Lead academic: Adam Quinn 

This project is supported by a grant from the Charles Koch Foundation. It is a study of the contest of ideas between American intellectuals focused on US grand strategy. More specifically, it focuses on the clash of worldviews between American intellectuals who embrace ‘liberal order’ as the central concept of US strategy, and critics who offer a ‘realist’ counterpoint. Much of the project is conceptual, aiming to generate a new framework for analysing the topic that synthesises elements of theoretical literature on international relations, grand strategy, ideology, nationalism, status and self-esteem. It also involves some empirical field research, in the form of interviews with relevant intellectuals working at think tanks and universities in the United States. The intended outputs from the project are a book and a series of articles.
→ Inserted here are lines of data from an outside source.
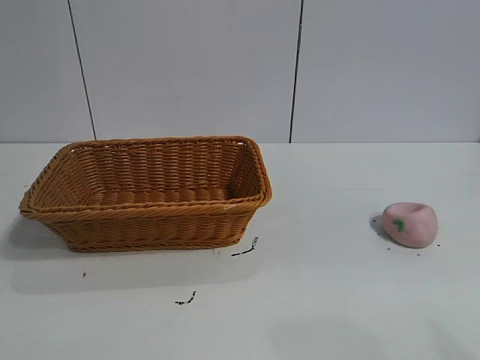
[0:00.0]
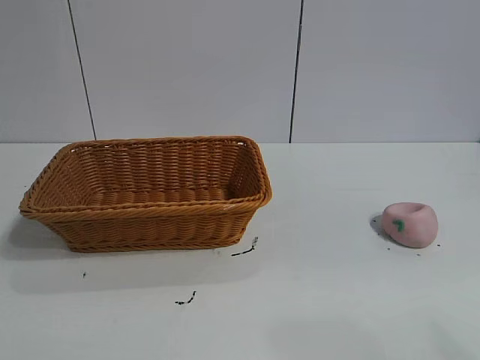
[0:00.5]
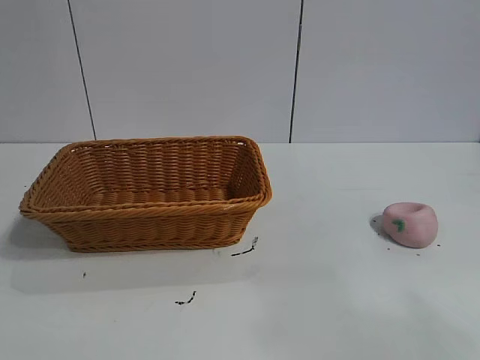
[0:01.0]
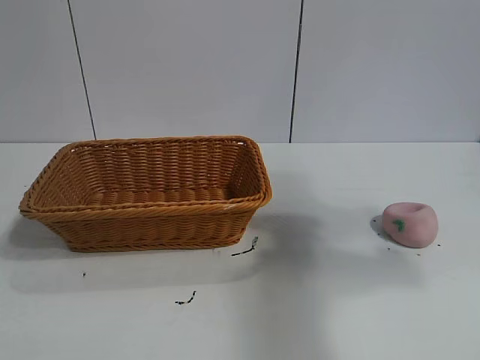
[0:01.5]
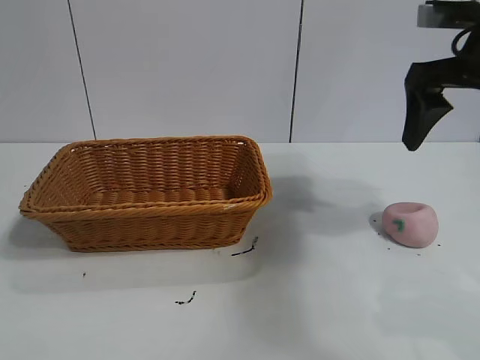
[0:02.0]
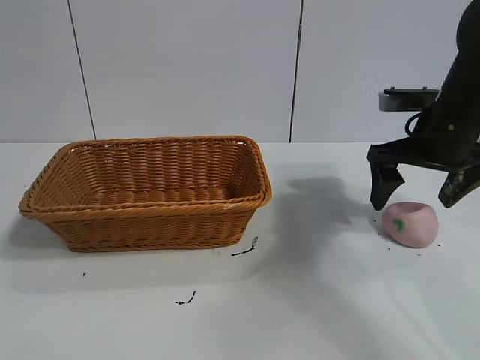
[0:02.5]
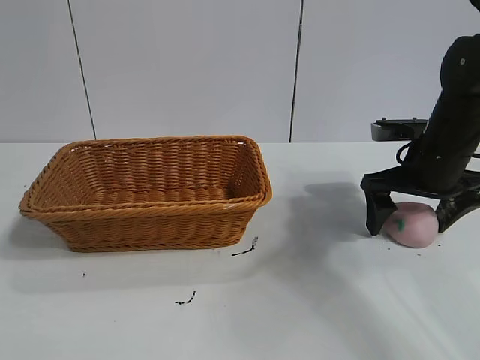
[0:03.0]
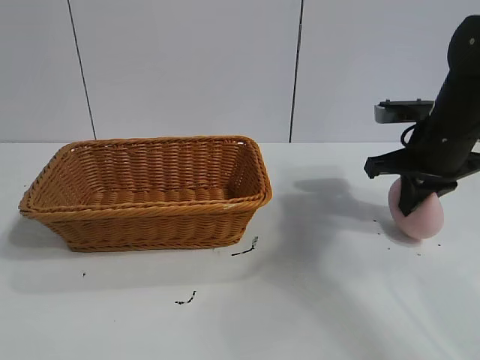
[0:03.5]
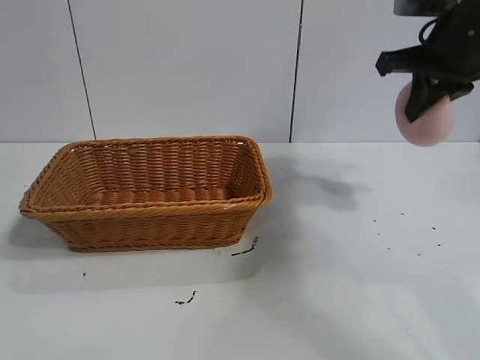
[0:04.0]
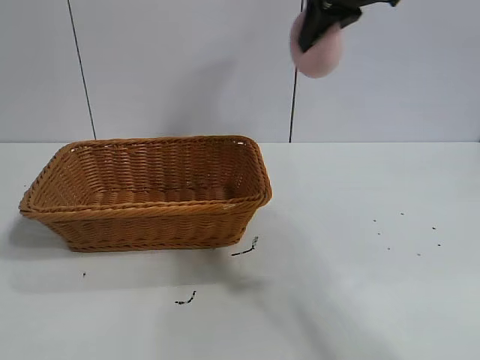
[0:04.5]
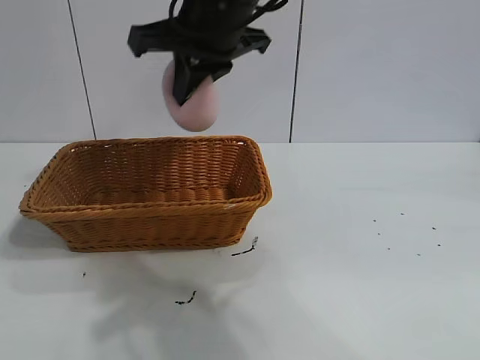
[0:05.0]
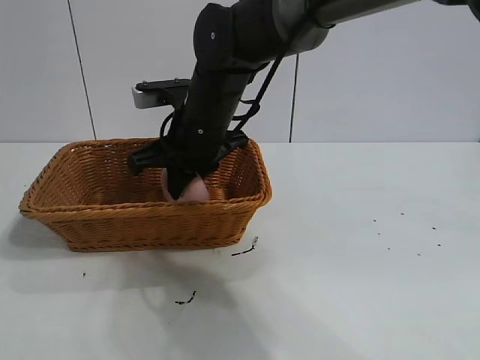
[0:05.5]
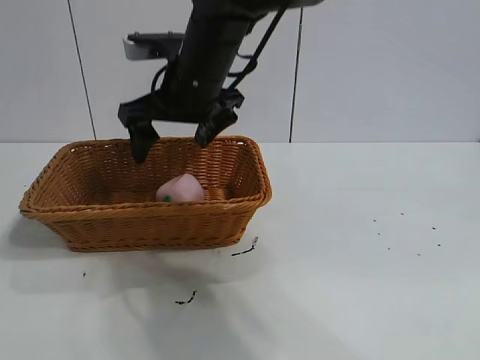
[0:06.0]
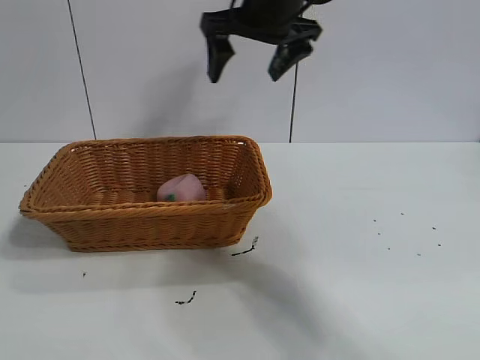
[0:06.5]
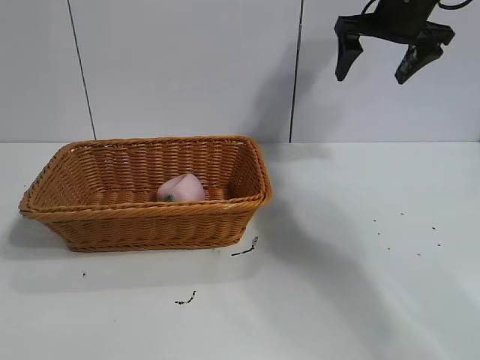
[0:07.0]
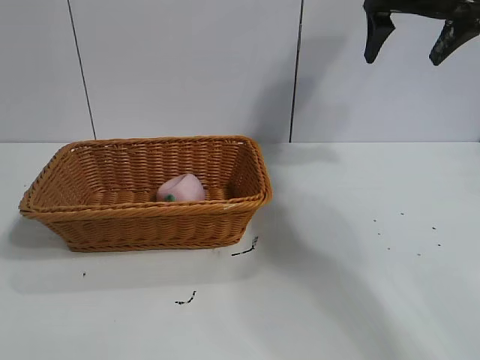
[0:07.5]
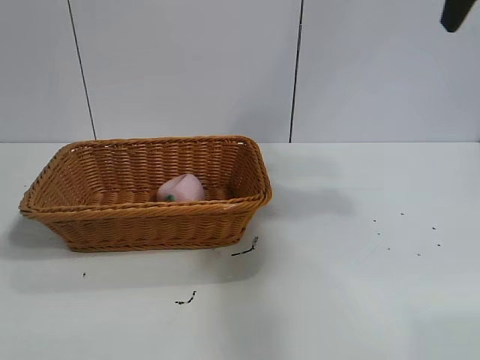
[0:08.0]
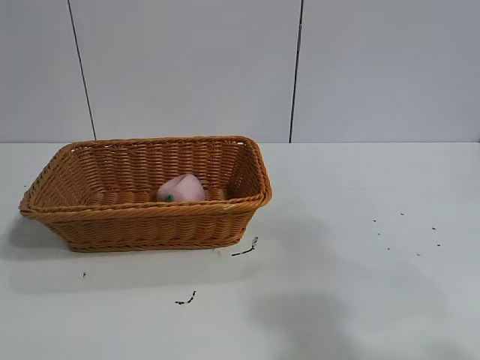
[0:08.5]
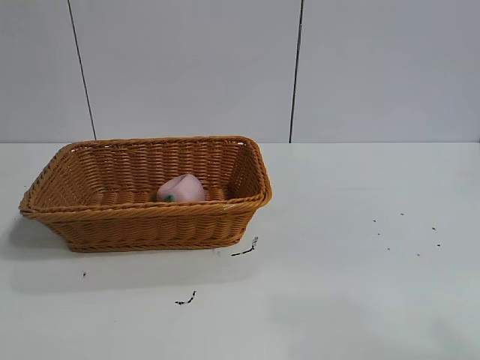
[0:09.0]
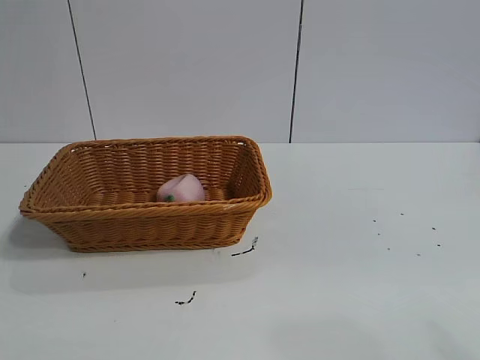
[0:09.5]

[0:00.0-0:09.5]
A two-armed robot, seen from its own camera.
Task of the whole recording: pick up the peach and put it into the basket.
Step, 0:01.0 to 0:03.0: Grasp the peach with right gripper.
Step, 0:03.5 to 0:05.5: Place the peach in the basket with right gripper.

Gendering Europe: British national identity from EEC accession to EU secession

 Lead researcher: Dr Charlotte Galpin 

This project seeks to create a new understanding of (Anglo-) British national identity during the UK’s EEC/EU membership by analysing the role of gender and its intersections with sexuality, class and race. ‘Europe’ has functioned as an ‘external Other’ against which national identity has been constructed. However, existing literature overlooks the significant body of feminist work on gender and national identity. Using a feminist methodology that uncovers dominant and marginalised identity narratives, Gendering Europe argues that two phenomena usually imagined as separate – Britain’s shift towards/away from Europe, and struggles over gender, sexual and racial equality – are actually deeply intertwined.

Workers between Precarity and Ecological Crisis in Chile and Italy (May 2021 – April 2024)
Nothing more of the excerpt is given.